-8x^{2}+19x-1=0

All equations of the form ax^{2}+bx+c=0 can be solved using the quadratic formula: \frac{-b±\sqrt{b^{2}-4ac}}{2a}. The quadratic formula gives two solutions, one when ± is addition and one when it is subtraction.

x=\frac{-19±\sqrt{19^{2}-4\left(-8\right)\left(-1\right)}}{2\left(-8\right)}

This equation is in standard form: ax^{2}+bx+c=0. Substitute -8 for a, 19 for b, and -1 for c in the quadratic formula, \frac{-b±\sqrt{b^{2}-4ac}}{2a}.

x=\frac{-19±\sqrt{361-4\left(-8\right)\left(-1\right)}}{2\left(-8\right)}

Square 19.

x=\frac{-19±\sqrt{361+32\left(-1\right)}}{2\left(-8\right)}

Multiply -4 times -8.

x=\frac{-19±\sqrt{361-32}}{2\left(-8\right)}

Multiply 32 times -1.

x=\frac{-19±\sqrt{329}}{2\left(-8\right)}

Add 361 to -32.

x=\frac{-19±\sqrt{329}}{-16}

Multiply 2 times -8.

x=\frac{\sqrt{329}-19}{-16}

Now solve the equation x=\frac{-19±\sqrt{329}}{-16} when ± is plus. Add -19 to \sqrt{329}.

x=\frac{19-\sqrt{329}}{16}

Divide -19+\sqrt{329} by -16.

x=\frac{-\sqrt{329}-19}{-16}

Now solve the equation x=\frac{-19±\sqrt{329}}{-16} when ± is minus. Subtract \sqrt{329} from -19.

x=\frac{\sqrt{329}+19}{16}

Divide -19-\sqrt{329} by -16.

x=\frac{19-\sqrt{329}}{16} x=\frac{\sqrt{329}+19}{16}

The equation is now solved.

-8x^{2}+19x-1=0

Quadratic equations such as this one can be solved by completing the square. In order to complete the square, the equation must first be in the form x^{2}+bx=c.

-8x^{2}+19x-1-\left(-1\right)=-\left(-1\right)

Add 1 to both sides of the equation.

-8x^{2}+19x=-\left(-1\right)

Subtracting -1 from itself leaves 0.

-8x^{2}+19x=1

Subtract -1 from 0.

\frac{-8x^{2}+19x}{-8}=\frac{1}{-8}

Divide both sides by -8.

x^{2}+\frac{19}{-8}x=\frac{1}{-8}

Dividing by -8 undoes the multiplication by -8.

x^{2}-\frac{19}{8}x=\frac{1}{-8}

Divide 19 by -8.

x^{2}-\frac{19}{8}x=-\frac{1}{8}

Divide 1 by -8.

x^{2}-\frac{19}{8}x+\left(-\frac{19}{16}\right)^{2}=-\frac{1}{8}+\left(-\frac{19}{16}\right)^{2}

Divide -\frac{19}{8}, the coefficient of the x term, by 2 to get -\frac{19}{16}. Then add the square of -\frac{19}{16} to both sides of the equation. This step makes the left hand side of the equation a perfect square.

x^{2}-\frac{19}{8}x+\frac{361}{256}=-\frac{1}{8}+\frac{361}{256}

Square -\frac{19}{16} by squaring both the numerator and the denominator of the fraction.

x^{2}-\frac{19}{8}x+\frac{361}{256}=\frac{329}{256}

Add -\frac{1}{8} to \frac{361}{256} by finding a common denominator and adding the numerators.

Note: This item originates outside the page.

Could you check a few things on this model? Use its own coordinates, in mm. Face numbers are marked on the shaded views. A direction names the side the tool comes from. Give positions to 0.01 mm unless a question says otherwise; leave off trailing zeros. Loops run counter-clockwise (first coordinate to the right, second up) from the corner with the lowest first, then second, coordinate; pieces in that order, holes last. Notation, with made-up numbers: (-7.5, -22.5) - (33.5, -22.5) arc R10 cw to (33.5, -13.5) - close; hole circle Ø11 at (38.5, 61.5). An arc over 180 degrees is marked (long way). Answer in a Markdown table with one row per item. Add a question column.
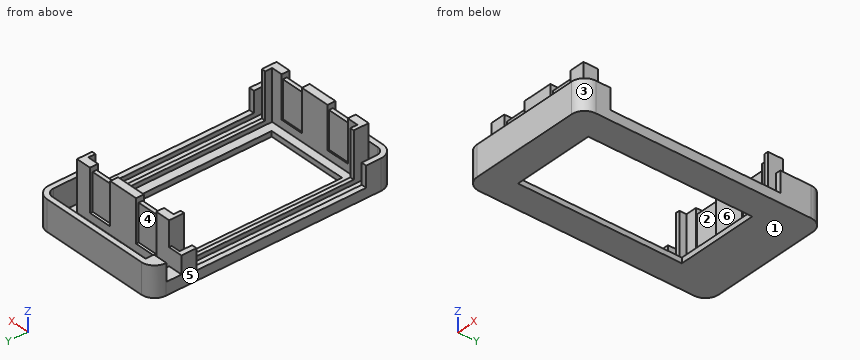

Then reduce the fraction to lowest terms if possible.

\left(x-\frac{19}{16}\right)^{2}=\frac{329}{256}

Factor x^{2}-\frac{19}{8}x+\frac{361}{256}. In general, when x^{2}+bx+c is a perfect square, it can always be factored as \left(x+\frac{b}{2}\right)^{2}.

\sqrt{\left(x-\frac{19}{16}\right)^{2}}=\sqrt{\frac{329}{256}}

Take the square root of both sides of the equation.

x-\frac{19}{16}=\frac{\sqrt{329}}{16} x-\frac{19}{16}=-\frac{\sqrt{329}}{16}

Simplify.

x=\frac{\sqrt{329}+19}{16} x=\frac{19-\sqrt{329}}{16}

Add \frac{19}{16} to both sides of the equation.